211 Seiten, Dissertation Technische Universität Dortmund (2018), Softcover, A5

Zusammenfassung / Abstract

Hydroformylation is an industrially important homogenously catalysed reaction applying rhodium complexes to form aldehydes from syngas and olefins. The high price of rhodium makes an efficient catalyst recycle necessary for industrial scale operation. This is e.g. possible through immobilisation of the rhodium in an immiscible aqueous phase using water soluble sulfonated ligands. The catalyst is separated from the organic products via decantation.

This approach is only possible for short chain olefins due to the decreasing solubility in water with growing carbon chain length. For alkenes larger C4, the reaction rate becomes to slow for industrial purposes. To overcome this limitation chemical additives are used entailing severe drawbacks like increased catalyst leaching or aggravated down-streaming. In the present study a process for the biphasic aqueous hydroformylation of long chain olefins was developed allowing their hydroformylation at industrially interesting rates without additives.

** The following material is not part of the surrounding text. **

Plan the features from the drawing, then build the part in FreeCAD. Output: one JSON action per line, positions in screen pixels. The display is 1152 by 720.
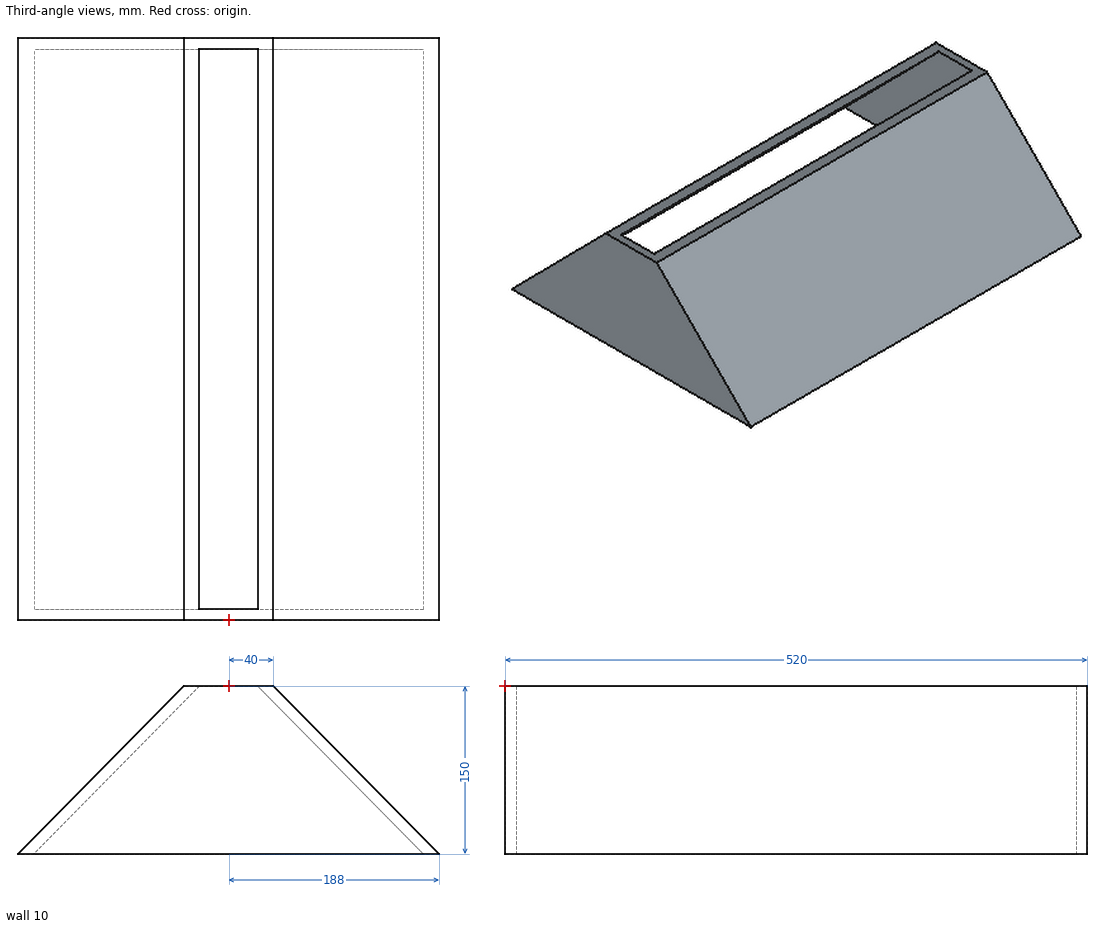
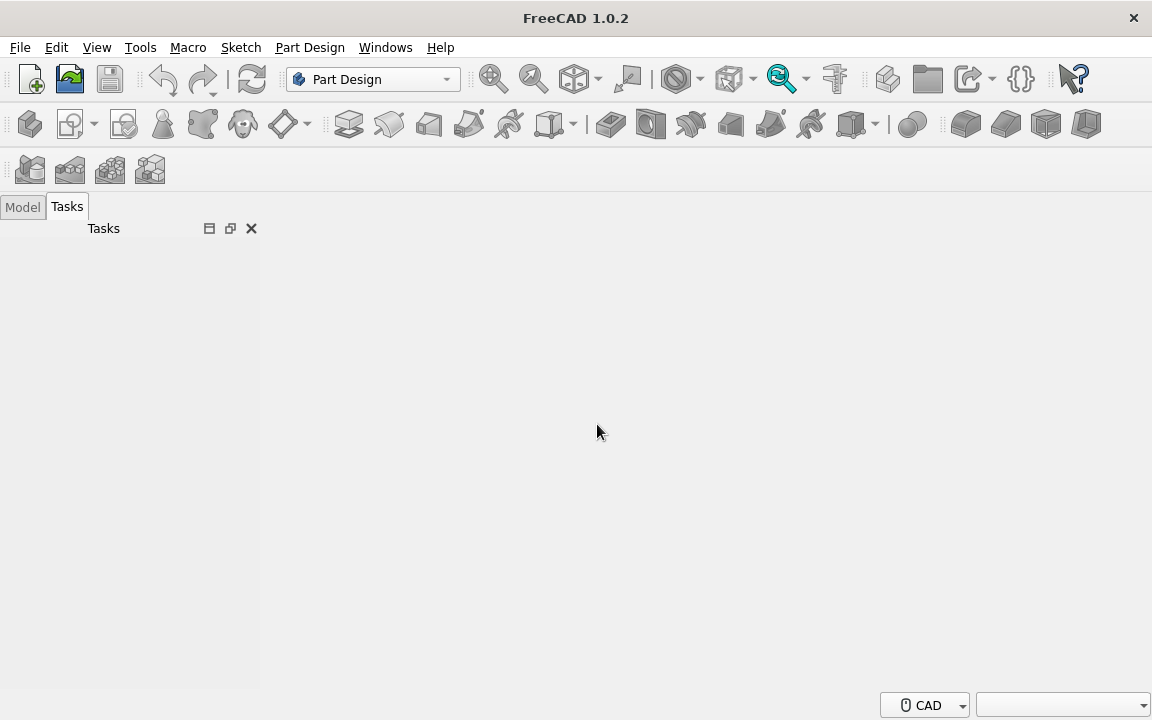
{"action": "key", "text": "ctrl+n"}

The process is based on intensification of the mixing technique bringing the fluid phases into intense contact. A first investigation showed that fast rates are possible applying only neat substrate as organic phase and sodium triphenylphosphine trisulfonate as ligand. Further rate acceleration was possible intensifying the specific energy input, extending the interfacial area. A kinetic measurement was executed identifying all significant parameters that determine the rate of reaction. The interfacial area was integrated in the rate expression as a procedural factor. A mass transfer analysis was conducted to estimate where the reaction takes place. Because no mass transfer limitation was observable the linear dependence on the interfacial area can only be explained with the surface itself being the place of reaction. Finally this surface reactivity was exploited applying the reaction to a jet loop reactor that creates large interfacial areas. Productivity and catalytic activity was again increased and the reaction operated in long-time experiments proved a high stability of the catalytic system.